I experience his loss like a sudden realization. As if I can’t hold his passing in my head as a continuous reality, so I re-live learning of his loss repeatedly. My thoughts spiral and swirl in a rising panic until it ends in tears, despair, profound loss. Every day that passes, I think of something else I wanted to talk to him about; something else I’ll miss that I’m just now realizing is gone. I mourn for all of life’s milestones he won’t be here to see me through and struggle with what they mean to me now, knowing he won’t be here to witness them. Hearing and reading his tributes, I know Papa was a role model and friend. He made people believe in something and most importantly made you believe in yourself.
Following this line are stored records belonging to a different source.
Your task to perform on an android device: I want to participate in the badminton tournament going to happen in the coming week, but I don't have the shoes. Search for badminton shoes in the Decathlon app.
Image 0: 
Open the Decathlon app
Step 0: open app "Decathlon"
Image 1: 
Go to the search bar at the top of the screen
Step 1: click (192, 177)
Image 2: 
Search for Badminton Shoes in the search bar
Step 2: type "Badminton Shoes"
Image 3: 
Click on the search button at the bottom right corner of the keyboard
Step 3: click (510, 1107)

Papa was fun. Funny. Strict. A smart aleck. Proud. Strong. Eternally curious. Continuously learning. Loved his family. Loved his country. Always saw me as a full person.
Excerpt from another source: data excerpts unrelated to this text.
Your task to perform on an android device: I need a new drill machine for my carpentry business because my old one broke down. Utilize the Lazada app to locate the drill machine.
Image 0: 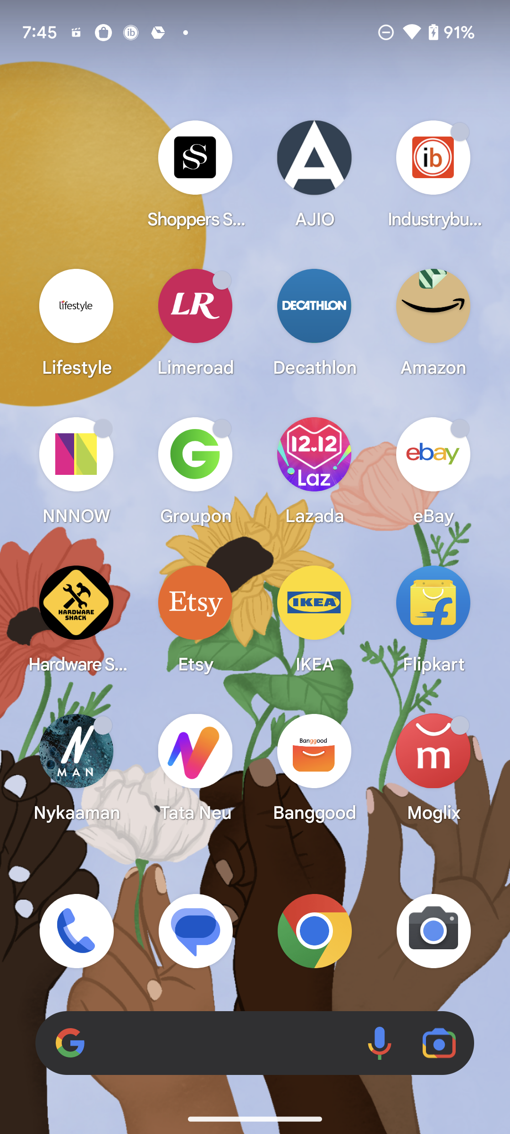
open Lazada App
Step 0: open app "Lazada"
Image 1: 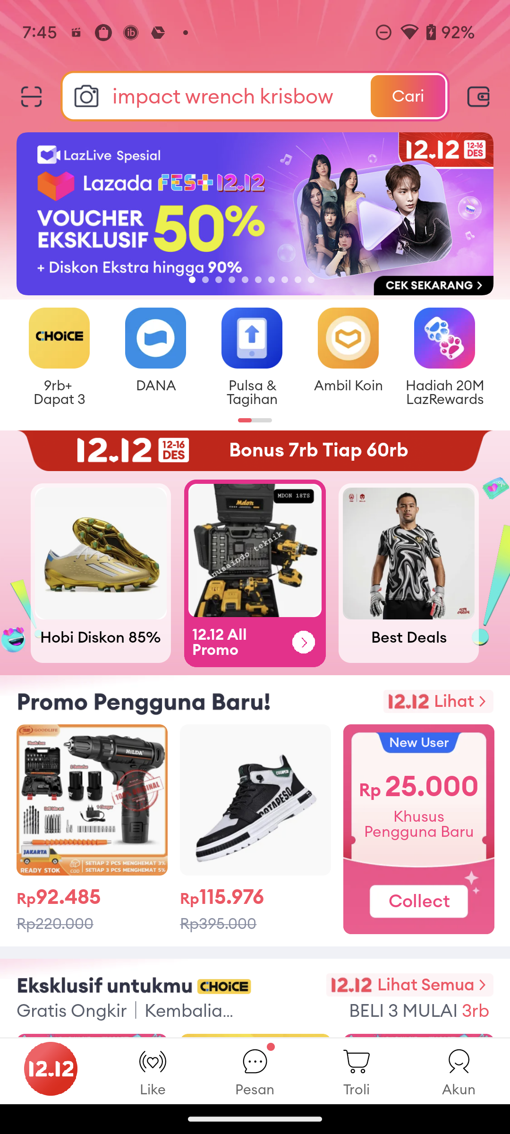
Click on the Search bar at the top of the screen
Step 1: click (222, 96)
Image 2: 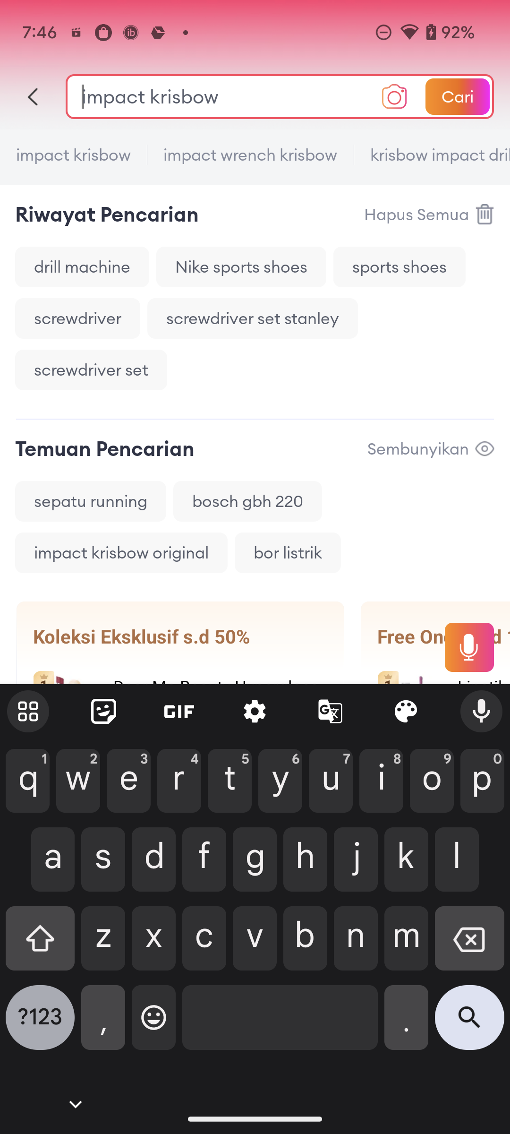
search for drill machine
Step 2: type "drill machine"
Image 3: 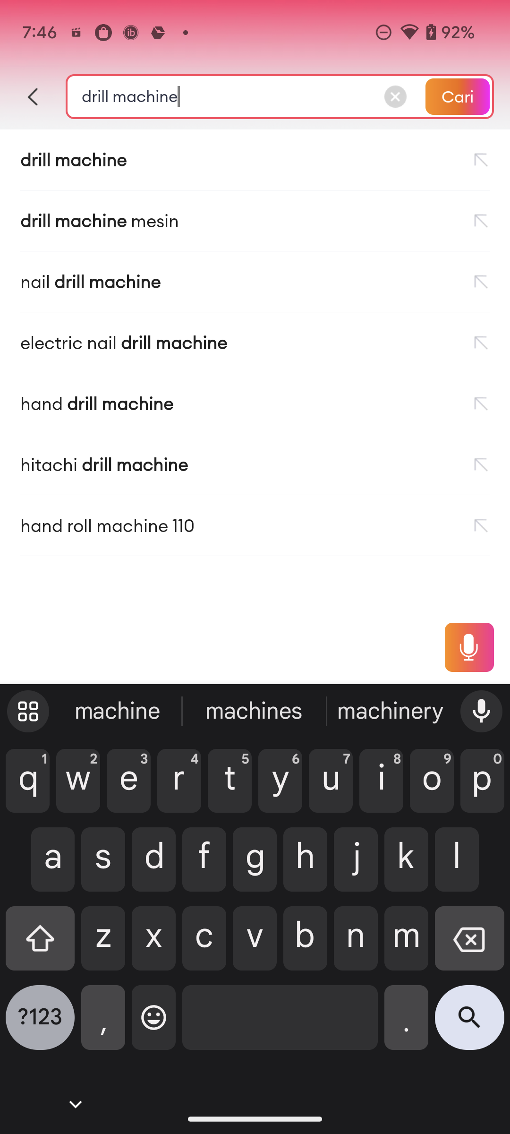
Click on the first search suggestion
Step 3: click (265, 160)

I loved him and am thankful for every moment of time I was able to spend at his side, on a call, watching tennis, playing chess, playing music, debating development theory, explaining tech, petitioning for an allowance, complaining, laughing, crying, learning to dance, learning to drive, getting advice, understanding, listening, observing…
I feel the weight of his legacy on the people and community he has left behind, countered only by the gift of vision and belief in man he left behind. I miss him dearly.